Liberalisieren und kriminalisieren

Diese Widersprüchlichkeit zeigt sich sowohl im öffentlichen Diskurs als auch im Bereich der sozialen Kontrolle und Strafverfolgung: Während verschiedene Ansätze einer Liberalisierung der Drogenpolitik zu beobachten sind, nimmt gleichzeitig auch die Repression zu.

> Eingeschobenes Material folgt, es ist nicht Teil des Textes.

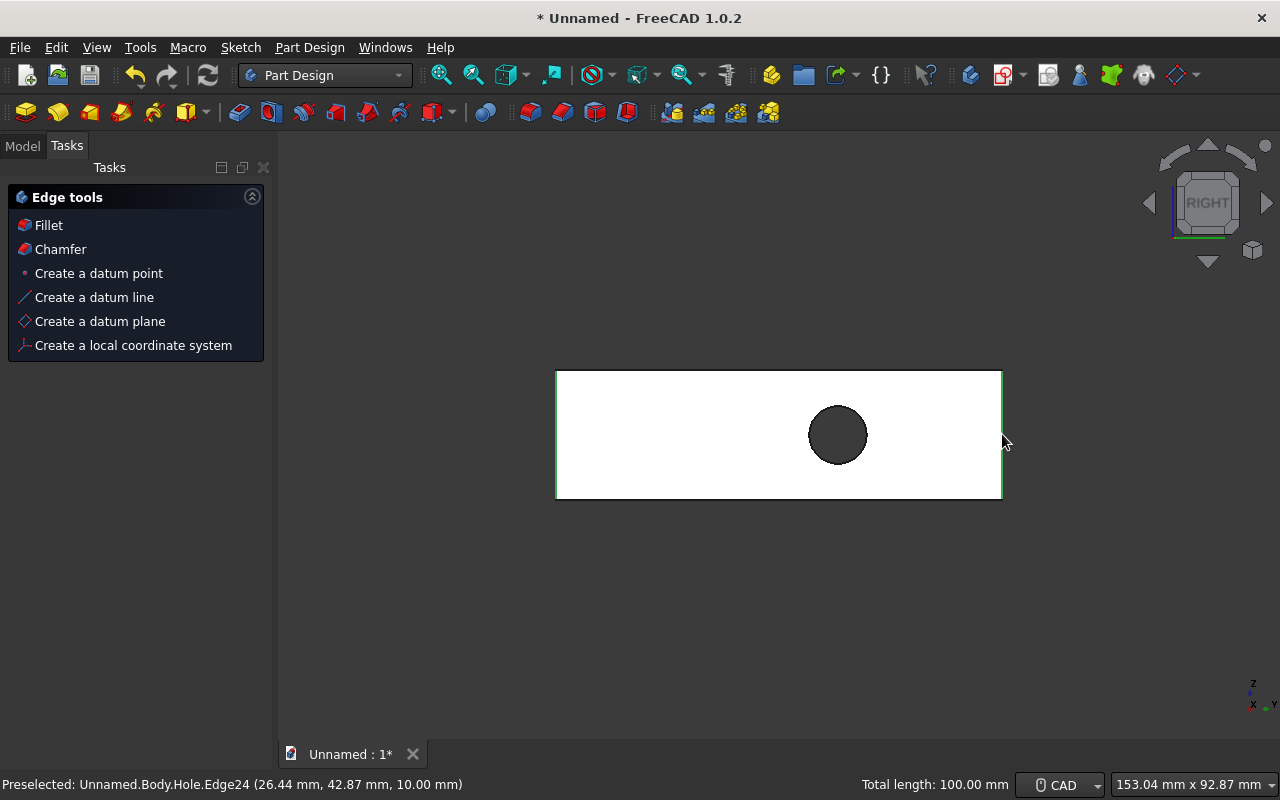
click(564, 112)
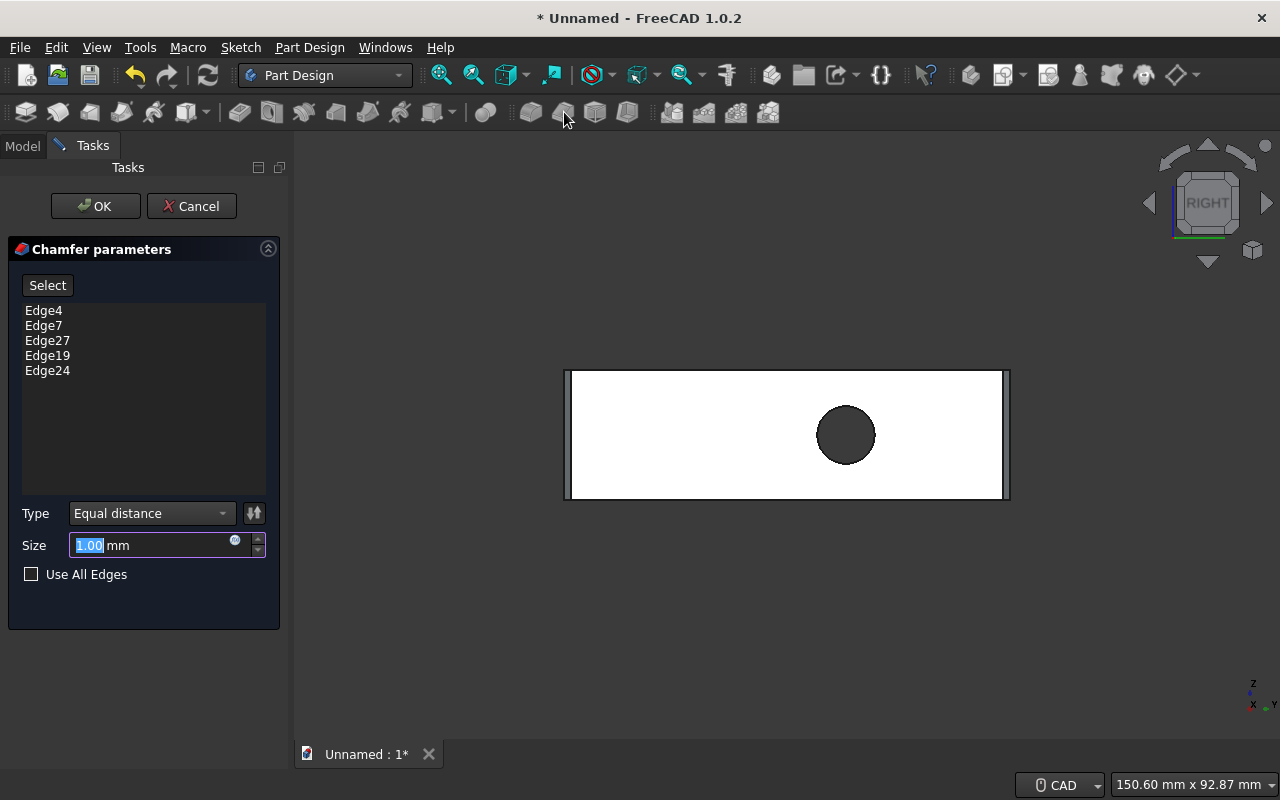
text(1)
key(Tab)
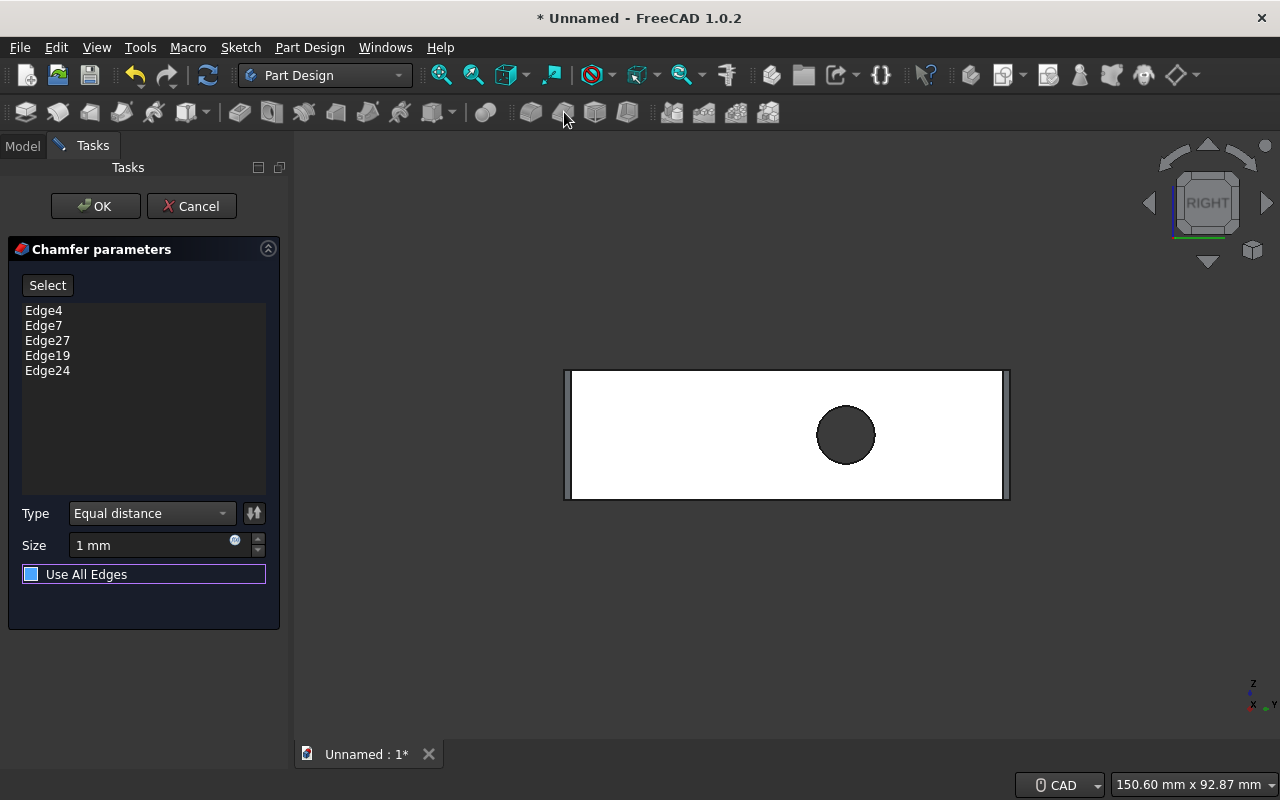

Die liberalere, aufgeklärtere Einstellung zeigt sich etwa darin, dass heute niemand mehr eine ganze Generation kiffender, debiler FrührentnerInnen befürchtet,2 sondern vielmehr die Erprobung von Cannabis als Medizin sowie seine Legalisierung auf der drogenpolitischen Agenda stehen. Selbst Terminator Schwarzenegger stellte entsprechende Forderungen während seines Wahlkampfes in Kalifornien auf; die Schweiz, Belgien, Spanien oder auch Kanada nähern sich zumindest bei Cannabis vorsichtig aber sukzessive holländischen Verhältnissen an - mit partiellen Rückschlägen. In Deutschland wird, wie 1994 vom Bundesverfassungsgericht gefordert, bei geringen Mengen (je nach Bundesland) weitgehend auf Strafverfolgung verzicht, die Bevölkerung im Allgemeinen wird toleranter gegenüber "haschischrauchenden Studenten,"3 und in den Medien nehmen die Berichte, die implizit eine Entkriminalisierung fordern, tendenziell zu. Selbst bei den so genannten harten Drogen zeigen sich vermeintliche Lockerungen: weder Fixerräume noch eine kontrollierte Heroinabgabe wären vor einigen Jahren denkbar gewesen.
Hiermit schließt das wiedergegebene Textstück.